Downsides of Milk vs Cream
Despite the potential health perks, milk and cream each have some drawbacks to consider:
Milk
– Lactose intolerance – Some people are unable to fully digest the lactose sugar in milk. This can cause abdominal discomfort, gas, and bloating.
– Potential hormones – Milk may contain small amounts of hormones like estrogen depending on the farming practices used. This is controversial but could negatively impact health in large amounts.
Cream
– High in calories and saturated fat – The high calorie and saturated fat content of cream may negatively impact heart health and waistline for some.

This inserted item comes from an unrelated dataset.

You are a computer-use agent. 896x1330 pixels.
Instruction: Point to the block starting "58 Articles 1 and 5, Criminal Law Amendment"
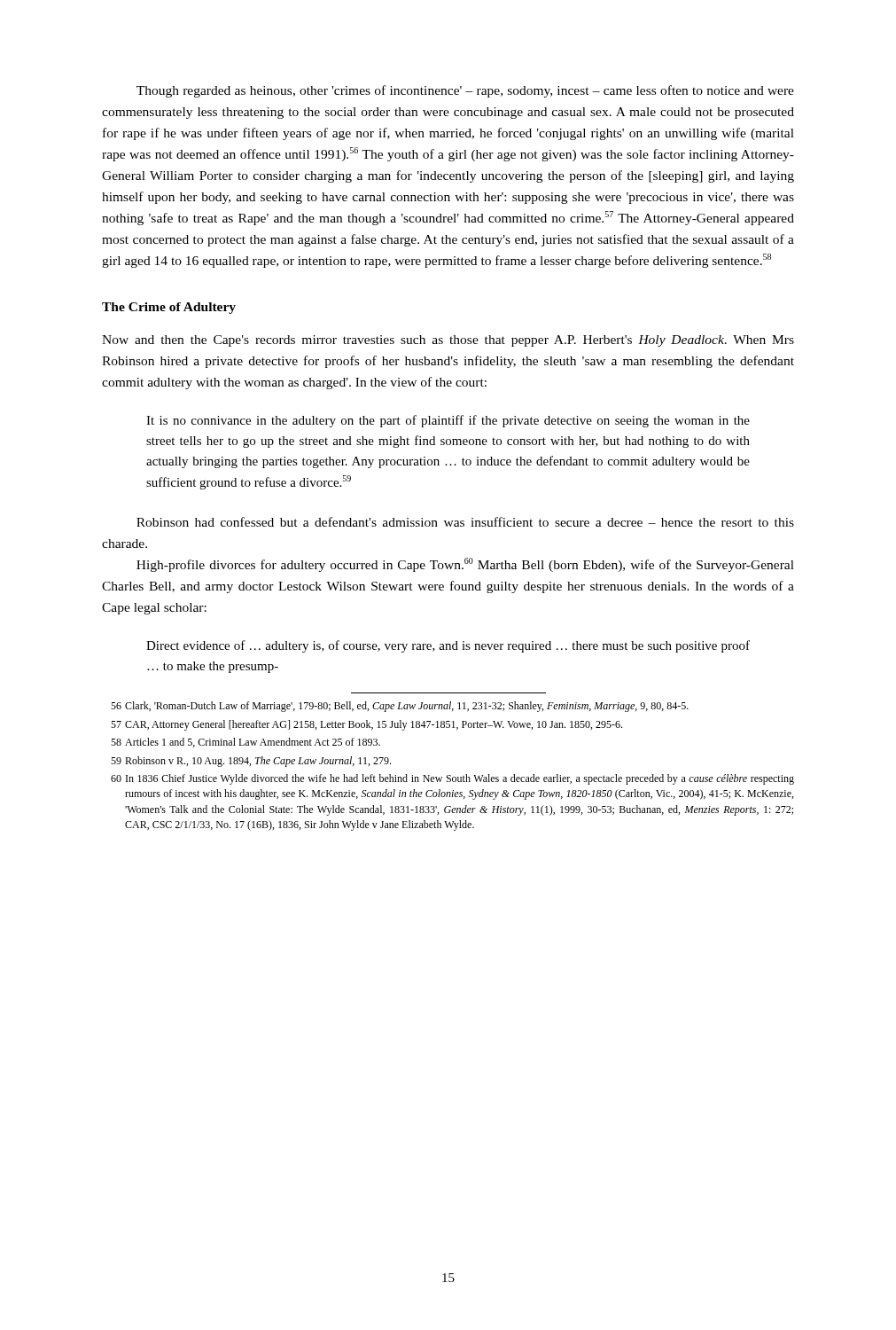coord(245,743)

– Lack of nutrients – Cream lacks the beneficial nutrients found in milk like calcium, vitamin D and potassium.
Best Options for Coffee
When choosing between milk and cream for your coffee, here are some healthy options to consider:
– 2% milk – Provides nutrients with lower fat than whole milk
– Skim or 1% milk – Even lower in calories and fat than 2% milk
– Light cream – Has less fat than heavy cream but still provides creaminess
– Half and half – A balance of milk and cream, less fat than heavy cream
– Nut milks – Like almond or oat milk provide creaminess without dairy
Conclusion
Milk is generally the healthier option to add to coffee compared to heavy cream. Milk contains fewer calories, less fat (especially saturated fat), and more beneficial nutrients like calcium, vitamin D, and potassium. Cream, while tasty, is lacking in nutrients and the high fat and calorie content may negatively impact heart health and waistlines.
That said, those who tolerate dairy can still enjoy a splash of cream in moderation as part of a healthy diet. When choosing milk or cream, opt for lower fat versions like 2% milk or light cream. Nut milks like almond or oat milk can also provide creaminess without the added calories.
References
1. U.S. Department of Agriculture. FoodData Central. https://fdc.nal.usda.gov/
2. U.S. Department of Agriculture. FoodData Central. https://fdc.nal.usda.gov/
3. U.S. Department of Agriculture. FoodData Central. https://fdc.nal.usda.gov/
4. Nestel PJ, Chronopoulos A, Cehun M. Dairy fat in cheese raises LDL cholesterol less than that in butter in mildly hypercholesterolaemic subjects. Eur J Clin Nutr. 2005 Sep;59(9):1059-63. doi: 10.1038/sj.ejcn.1602214. PMID: 16015252.
5. Gijsbers L, Ding EL, Malik VS, de Goede J, Geleijnse JM, Soedamah-Muthu SS. Consumption of dairy foods and diabetes incidence: a dose-response meta-analysis of observational studies. Am J Clin Nutr. 2016 Nov;104(4):1111-1124. doi: 10.3945/ajcn.116.134460. Epub 2016 Aug 24. PMID: 27562464; PMCID: PMC5361588.